* [What the task asks]:
Filter the records, keeping every line that has the string "each".

::: Source records

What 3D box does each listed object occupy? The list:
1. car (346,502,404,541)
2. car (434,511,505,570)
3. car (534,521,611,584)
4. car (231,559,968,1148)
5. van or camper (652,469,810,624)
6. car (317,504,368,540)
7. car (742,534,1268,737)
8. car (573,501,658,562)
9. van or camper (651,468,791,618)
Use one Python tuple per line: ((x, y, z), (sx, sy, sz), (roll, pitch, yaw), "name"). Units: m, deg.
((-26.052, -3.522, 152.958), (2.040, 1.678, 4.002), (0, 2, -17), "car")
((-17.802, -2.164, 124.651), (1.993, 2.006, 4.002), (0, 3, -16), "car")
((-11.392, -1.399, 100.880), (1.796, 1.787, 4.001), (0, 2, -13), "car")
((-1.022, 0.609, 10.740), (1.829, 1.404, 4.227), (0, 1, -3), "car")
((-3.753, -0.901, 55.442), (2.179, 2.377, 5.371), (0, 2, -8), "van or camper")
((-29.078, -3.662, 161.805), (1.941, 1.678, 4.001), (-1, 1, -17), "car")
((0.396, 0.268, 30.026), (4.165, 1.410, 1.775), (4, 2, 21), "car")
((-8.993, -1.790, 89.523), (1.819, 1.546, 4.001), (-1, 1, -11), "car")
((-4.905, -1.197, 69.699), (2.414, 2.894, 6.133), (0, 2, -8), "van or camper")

::::::
::: Source records

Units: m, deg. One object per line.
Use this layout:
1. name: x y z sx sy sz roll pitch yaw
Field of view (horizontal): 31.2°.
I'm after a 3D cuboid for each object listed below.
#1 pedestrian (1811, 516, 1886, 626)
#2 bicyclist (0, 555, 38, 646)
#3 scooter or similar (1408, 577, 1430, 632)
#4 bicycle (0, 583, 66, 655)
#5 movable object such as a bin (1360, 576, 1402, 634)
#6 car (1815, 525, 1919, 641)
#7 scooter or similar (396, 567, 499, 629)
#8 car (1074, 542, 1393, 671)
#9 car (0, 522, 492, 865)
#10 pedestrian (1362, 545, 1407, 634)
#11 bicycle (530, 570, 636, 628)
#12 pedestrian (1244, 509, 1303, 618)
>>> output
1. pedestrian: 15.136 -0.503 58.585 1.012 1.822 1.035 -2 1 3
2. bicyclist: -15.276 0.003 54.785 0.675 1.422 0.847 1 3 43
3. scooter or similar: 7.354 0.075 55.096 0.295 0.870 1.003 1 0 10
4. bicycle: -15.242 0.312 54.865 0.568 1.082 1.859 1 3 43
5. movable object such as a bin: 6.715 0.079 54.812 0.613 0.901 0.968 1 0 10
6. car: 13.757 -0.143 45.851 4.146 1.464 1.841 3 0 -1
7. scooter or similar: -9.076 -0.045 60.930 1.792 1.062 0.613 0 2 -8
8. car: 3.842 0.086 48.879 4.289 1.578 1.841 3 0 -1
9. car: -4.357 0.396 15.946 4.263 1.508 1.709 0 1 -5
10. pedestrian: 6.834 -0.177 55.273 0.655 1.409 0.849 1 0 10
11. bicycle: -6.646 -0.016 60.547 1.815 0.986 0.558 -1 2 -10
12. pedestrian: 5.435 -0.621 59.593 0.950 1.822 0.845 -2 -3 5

::::::

* [Finished exercise]:
What 3D box does each listed object occupy? The list:
I'm after a 3D cuboid for each object listed below.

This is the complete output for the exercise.